A FEDERAL Reserve investigation into contracts between Goldman Sachs and the Greek government ended yesterday without any action being taken.
The probe, launched by the Fed, alleged that the contracts distorted the country’s debt levels.
Fed chairman Ben Bernanke told Congress yesterday the investment banking giant did sell Greece products that lowered its debt-to-GDP ratio in 2000 and 2001 but that it happened before the Enron crisis when rules against accounting-related transactions were set up.
He said Goldman Sachs now has the policies and procedures in place to make sure that trades are not motivated by accounting.
He said: “We believe that the situation is well under control.”
Goldman Sachs dropped its estimated share price for a handful of Greek lending banks by as much as 18 per cent, after it said that operating environments continue to deteriorate.
The news comes as uncertainty over the Greek economy mounted after a leading German economist threatened to take legal action against the proposed bailout package.

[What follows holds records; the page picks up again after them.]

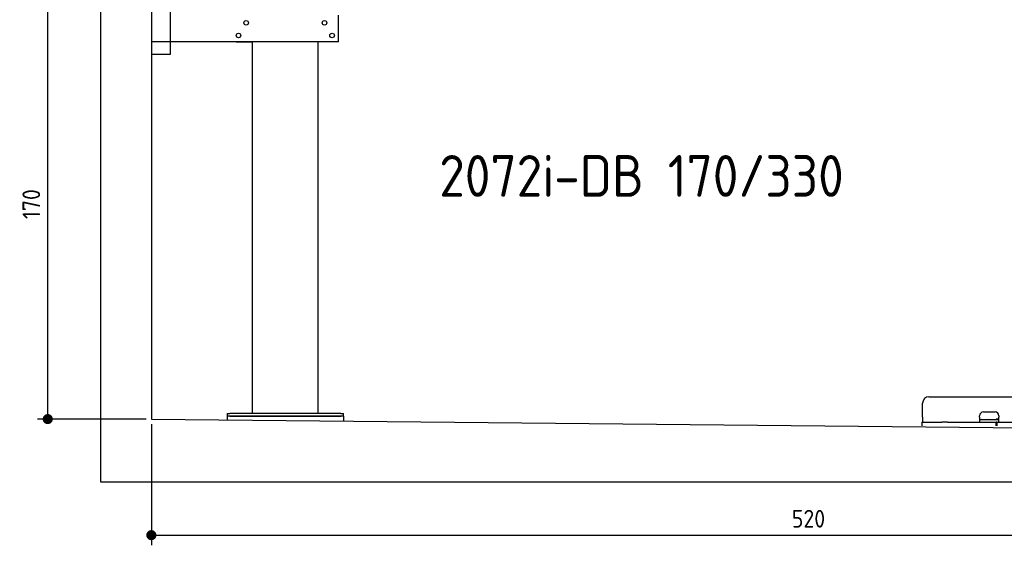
# Model space of a CAD drawing. Header units: millimetres. Extents: x 552 to 7231, y 5917 to 11936.
# Tile 1 of 5: x 552 to 4448, y 5917 to 7995. Entities that reach past the tile are written whole.
import ezdxf

# ---------------------------------------------------------------- set-up
doc = ezdxf.new("R2010")
doc.units = ezdxf.units.MM
doc.layers.get('0').update_dxf_attribs({"lineweight": 25})
doc.layers.add('4', color=3, linetype='Continuous', lineweight=25)
doc.styles.get("Standard").update_dxf_attribs({"font": 'ISOCP.SHX'})
doc.styles.add('STANDARD-1', font='arial.ttf')
doc.dimstyles.new('GEN-ISO$0', dxfattribs={"dimscale": 20, "dimtxt": 3.5, "dimasz": 2, "dimexe": 2, "dimexo": 1, "dimgap": 1.5, "dimtad": 1, "dimdec": 1, "dimlfac": 0.1, "dimdsep": 46, "dimtxsty": 'Standard', "dimblk": 'PUNKT', "dimcen": 2, "dimclrd": 256, "dimclre": 256, "dimclrt": 2, "dimadec": 0, "dimazin": 0, "dimtp": 0.1, "dimtm": 0.1, "dimtfac": 0.71, "dimtdec": 1, "dimtmove": 2, "dimatfit": 3, "dimldrblk": 'PUNKT', "dimfxl": 1, "dimtolj": 1, "dimarcsym": 0})

# ---------------------------------------------------------------- blocks, each defined once
blk = doc.blocks.new('PUNKT')
at = {"layer": '4', "color": 0, "linetype": 'ByBlock'}
blk.add_line((-0.5, 0), (-1, 0), dxfattribs=at)
at = {"layer": '4', "color": 0, "linetype": 'ByBlock', "const_width": 0.5}
blk.add_lwpolyline([(-0.25, 0, 1), (0.25, 0, 1)], format="xyb", close=True, dxfattribs=at)
blk = doc.blocks.new('*D6')
at = {"layer": '4', "lineweight": -2, "transparency": 16777216}
for p, q in [((852.8, 8115.9), (622.8, 8115.9)), ((662.8, 6455.9), (662.8, 8075.9)), ((1052.8, 6415.9), (622.8, 6415.9))]:
    blk.add_line(p, q, dxfattribs=at)
at = {"layer": '4', "lineweight": -2, "transparency": 16777216, "xscale": 40, "yscale": 40, "zscale": 40}
for p, rotation in [((662.8, 8115.9), 90), ((662.8, 6415.9), 270)]:
    blk.add_blockref('PUNKT', p, dxfattribs=dict(at, rotation=rotation))
at = {"layer": '4', "color": 2, "transparency": 16777216, "insert": (597.8, 7265.9), "char_height": 70, "attachment_point": 5, "rotation": 90}
blk.add_mtext('\\A1;170', dxfattribs=at)
blk = doc.blocks.new('*D12')
at = {"layer": '4', "lineweight": -2, "transparency": 16777216}
for p, q in [((1072.8, 6395.9), (1072.8, 5916.8)), ((6272.8, 6345.9), (6272.8, 5916.8)), ((1112.8, 5956.8), (6232.8, 5956.8))]:
    blk.add_line(p, q, dxfattribs=at)
at = {"layer": '4', "lineweight": -2, "transparency": 16777216, "xscale": 40, "yscale": 40, "zscale": 40, "rotation": 180}
blk.add_blockref('PUNKT', (1072.8, 5956.8), dxfattribs=at)
at = {"layer": '4', "lineweight": -2, "transparency": 16777216, "xscale": 40, "yscale": 40, "zscale": 40}
blk.add_blockref('PUNKT', (6272.8, 5956.8), dxfattribs=at)
at = {"layer": '4', "color": 2, "transparency": 16777216, "insert": (3672.8, 6021.8), "char_height": 70, "attachment_point": 5}
blk.add_mtext('\\A1;520', dxfattribs=at)

msp = doc.modelspace()

# ---------------------------------------------------------------- linework, layer by layer
for p, q in [((872.77, 6165.9), (872.77, 11615.9)), ((1072.77, 11415.9), (1072.77, 6415.9)), ((1147.77, 8063.02), (1147.77, 7858.02)), ((1812.77, 7908.02), (1812.77, 8013.02)), ((1812.77, 7908.02), (1072.77, 7908.02)), ((1407.77, 7908.02), (1470.77, 7908.02)), ((1472.77, 6438.02), (1472.77, 7908.02)), ((1732.77, 6438.02), (1732.77, 7908.02)), ((1797.77, 7908.02), (1734.77, 7908.02)), ((1147.77, 7858.02), (1072.77, 7858.02)), ((4124.05, 6423.98), (4124.05, 6478.98)), ((4149.05, 6503.98), (4689.05, 6503.98)), ((1372.77, 6438.02), (1372.77, 6428.02)), ((1372.77, 6438.02), (1382.77, 6438.02)), ((1372.77, 6428.02), (1372.77, 6413.02)), ((1832.77, 6428.02), (1372.77, 6428.02)), ((1822.77, 6438.02), (1382.77, 6438.02)), ((1382.77, 6428.02), (1822.77, 6428.02)), ((1822.77, 6438.02), (1832.77, 6438.02)), ((1832.77, 6428.02), (1832.77, 6438.02)), ((1832.77, 6428.02), (1832.77, 6413.02)), ((4350.05, 6423.98), (4350.05, 6428.98)), ((4365.05, 6443.98), (4411.05, 6443.98)), ((4426.05, 6428.98), (4426.05, 6423.98)), ((1072.77, 6415.9), (4717.77, 6379.89)), ((1832.77, 6413.02), (1832.77, 6408.59)), ((4121.55, 6403.98), (4131.55, 6403.98)), ((4121.55, 6403.98), (4121.55, 6388.98)), ((4124.05, 6423.98), (4124.05, 6403.98)), ((4131.55, 6403.98), (4178, 6403.98)), ((4178, 6403.98), (4187.59, 6403.98)), ((4187.59, 6403.98), (4200.65, 6403.98)), ((4222.44, 6403.98), (4200.65, 6403.98)), ((4222.44, 6403.98), (4235.5, 6403.98)), ((4235.5, 6403.98), (4245.09, 6403.98)), ((4245.09, 6403.98), (4405.55, 6403.98)), ((4350.05, 6423.98), (4350.05, 6403.98)), ((4352.05, 6413.98), (4350.05, 6413.98)), ((4352.05, 6413.98), (4424.05, 6413.98)), ((4405.55, 6403.98), (4415.55, 6403.98)), ((4417.55, 6403.98), (4415.55, 6403.98)), ((4415.55, 6388.98), (4415.55, 6403.98)), ((4416.05, 6415.98), (4417.05, 6415.98)), ((4426.05, 6415.98), (4417.05, 6415.98)), ((4417.55, 6403.98), (4427.55, 6403.98)), ((4417.55, 6403.98), (4417.55, 6388.98)), ((4423.05, 6415.98), (4423.05, 6414.98)), ((4423.05, 6413.98), (4423.05, 6414.98)), ((4426.05, 6413.98), (4424.05, 6413.98)), ((4426.05, 6403.98), (4426.05, 6423.98)), ((4427.55, 6403.98), (4633, 6403.98)), ((6472.77, 6165.9), (872.77, 6165.9))]:
    msp.add_line(p, q)
for centre in [(1447.77, 7983.02), (1757.77, 7983.02), (1417.77, 7933.02), (1787.77, 7933.02)]:
    msp.add_circle(centre, 9)
for centre, radius, start, end in [((4149.05, 6478.98), 25, 90, 180), ((4365.05, 6428.98), 15, 90, 180), ((4411.05, 6428.98), 15, 0, 90), ((4357.31, 6414.98), 1, 270, 330), ((4359.05, 6413.98), 1, 0, 150), ((4379.05, 6413.98), 1, 30, 180), ((4380.78, 6414.98), 1, 210, 270), ((4414.05, 6414.98), 1, 270, 0), ((4416.05, 6414.98), 1, 90, 180)]:
    msp.add_arc(centre, radius, start, end)

# ---------------------------------------------------------------- texts
at = {"insert": (2211.72, 7460.01), "char_height": 165, "width": 2051.959, "attachment_point": 1, "style": 'STANDARD-1'}
msp.add_mtext('\\pt330;{\\Fisocp2|c0;2072i-DB 170/330}', dxfattribs=at)

# ---------------------------------------------------------------- dimensions: what is measured, and where the dimension line sits
at = {"layer": '4'}
for base, p2, angle, picture, middle in [((662.77, 8115.9), (872.77, 8115.9), 90, '*D6', (597.77, 7265.9)), ((6272.78, 5956.81), (6272.78, 6365.9), 0, '*D12', (3672.78, 6021.81))]:
    dim = msp.add_linear_dim(base=base, p1=(1072.77, 6415.9), p2=p2, angle=angle, dimstyle='GEN-ISO$0', dxfattribs=at)
    dim.commit()
    dim.dimension.update_dxf_attribs({"geometry": picture, "text_midpoint": middle})

doc.saveas('drawing.dxf')

Joachim Starbatty, a university professor and economist said yesterday the bailout package breached the European Union’s Maastricht Treaty and that he was planning to launch a court challenge.
Starbatty said the loans would violate the treaty on monetary union and would constitute an illegal subsidy and that Greece should voluntarily exit the 16-nation euro region.
It is understood that Starbatty and a group of fellow professors will file a lawsuit with Germany’s Constitutional Court.
The German government suggested the bailout package would have to be endorsed by parliament.